Federal Reserve Officials Weigh Impact of Inflation and Trade Policies on Interest Rates
- Stock Market Charlie

- Feb 20
- 3 min read

Three Federal Reserve officials, who usually have different opinions like cats and dogs, surprisingly sang the same tune on Thursday: the U.S. inflation is cooling down, making it likely for the central bank to dish out some interest rate cuts. But, hold onto your hats, because President Donald Trump's trade, immigration, and other policies are like a wild card that could flip the script.
Atlanta Fed President Raphael Bostic, not one to sugarcoat things, said he's expecting two quarter-percentage-point rate cuts later this year, but the "uncertainty around that is pretty significant... There's a lot that could happen that could influence that in both directions." Basically, it’s like predicting the weather in a hurricane.

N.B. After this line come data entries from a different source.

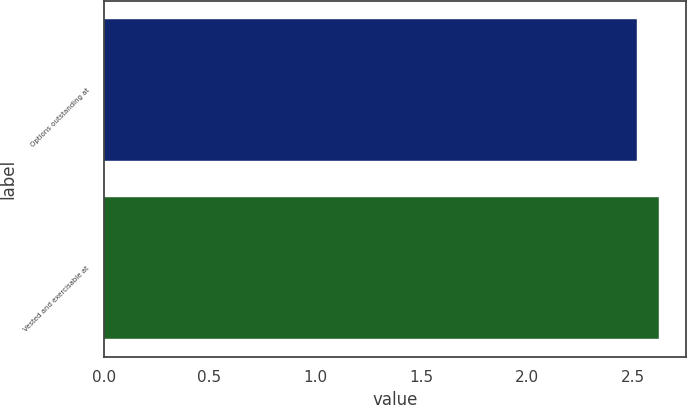Convert chart. <chart><loc_0><loc_0><loc_500><loc_500><bar_chart><fcel>Options outstanding at<fcel>Vested and exercisable at<nl><fcel>2.52<fcel>2.62<nl></chart> 
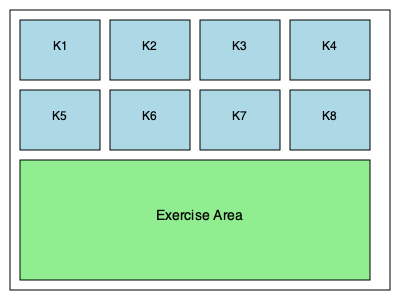Given the kennel layout shown in the floor plan, what is the optimal arrangement of dogs to minimize stress and maximize socialization, assuming there are 6 dogs of varying compatibility? Consider that dogs K1 and K3 are highly social, K2 and K5 are moderately social, and K4 and K6 prefer less interaction. Calculate the total number of possible arrangements and determine the best configuration for the dogs' well-being. To solve this problem, we need to follow these steps:

1. Analyze the kennel layout:
   - There are 8 individual kennels (K1-K8)
   - There is a shared exercise area

2. Consider the dogs' social preferences:
   - Highly social: K1 and K3
   - Moderately social: K2 and K5
   - Less social: K4 and K6

3. Calculate the total number of possible arrangements:
   - We have 6 dogs and 8 kennels
   - This can be calculated using the permutation formula:
     $P(8,6) = \frac{8!}{(8-6)!} = \frac{8!}{2!} = 20,160$

4. Determine the optimal arrangement:
   a. Place highly social dogs (K1 and K3) in kennels with the most neighboring kennels:
      - K2 and K6 are ideal as they have 3 neighboring kennels each
   b. Place moderately social dogs (K2 and K5) in kennels with 2 neighboring kennels:
      - K3 and K7 are suitable
   c. Place less social dogs (K4 and K6) in kennels with the least neighboring kennels:
      - K1 and K5 are ideal as they have only 2 neighboring kennels each

5. The optimal arrangement:
   - K1 (less social) in kennel K1
   - K2 (moderately social) in kennel K3
   - K3 (highly social) in kennel K2
   - K4 (less social) in kennel K5
   - K5 (moderately social) in kennel K7
   - K6 (highly social) in kennel K6

This arrangement maximizes socialization for social dogs, provides moderate interaction for moderately social dogs, and minimizes stress for less social dogs while allowing all dogs access to the shared exercise area.
Answer: K1 in K1, K2 in K3, K3 in K2, K4 in K5, K5 in K7, K6 in K6

Bostic, who doesn’t have a vote in the Fed's rate-setting committee this year, told reporters he didn’t think a new inflation storm was brewing in the U.S. economy. He pointed out that the 4% unemployment rate is as healthy as a horse. However, businesses are feeling both excited and like they're walking on eggshells about how new import taxes, immigration rules, and regulation changes will play out.
Since taking office on January 20, Trump has been a one-man fireworks show, threatening tariffs on goods from major U.S. trading partners like China, Mexico, and Canada.
"In a nutshell, contacts are concerned that tariffs could increase costs," Bostic said. "Many feel confident that if that happens, then they can pass along higher costs in their prices." Translation: If prices go up, they’ll just pass the buck—or the bill—to us.
Inflation is sticking around like gum on a shoe, and reaching the Fed's 2% target is bumpier than a rollercoaster ride. Consumer prices jumped 3% on a year-over-year basis in January, the fastest since last June.
The Fed kept its benchmark interest rate in the 4.25%-4.50% range at a policy meeting last month and is expected to do the same at its March 18-19 gathering, as officials wait for a crystal ball to see how the administration’s new policies affect the economy. Financial markets are now betting on just one Fed rate cut this year.
NEAR-TERM INFLATION EXPECTATIONS
St. Louis Fed President Alberto Musalem thinks the upcoming policy shifts are like adding hot sauce to a dish—it could make inflation stall above the central bank's 2% target, or even rise higher. This could force the Fed to sit tight for longer, and in a worst-case scenario, if the job market also takes a nap, they might have to choose between fighting inflation with higher rates or giving the economy a soft pillow with easier policy.
Musalem, speaking to the Economic Club of New York, didn’t spell out his expectations for rate cuts this year, but he did say the policy rate should be reduced once "inflation convergence" to the Fed's 2% goal is like a done deal.
"Market and some survey measures indicate that near-term expectations of inflation have risen notably over the past three months," Musalem said. If inflation gets stuck at current above-target levels or expectations rise, "a more restrictive path of monetary policy relative to the baseline path might be appropriate." In other words, they might have to tighten the screws.
Chicago Fed President Austan Goolsbee, usually the peace-loving dove among the Fed's policymakers, said that before all the recent policy and geopolitical hoopla, overall inflation "looked pretty good" and was down substantially from its mid-2022 peak. The tariffs Trump imposed during his first term didn’t really mess with inflation, Goolsbee said, partly because they were narrow enough that supply chains just shrugged them off.
But when considering the more widespread and hefty tariffs Trump is cooking up, "it depends on how many countries they are going to apply to and how big they are going to be. And the more it looks like a COVID-sized shock, the more nervous you should be about that."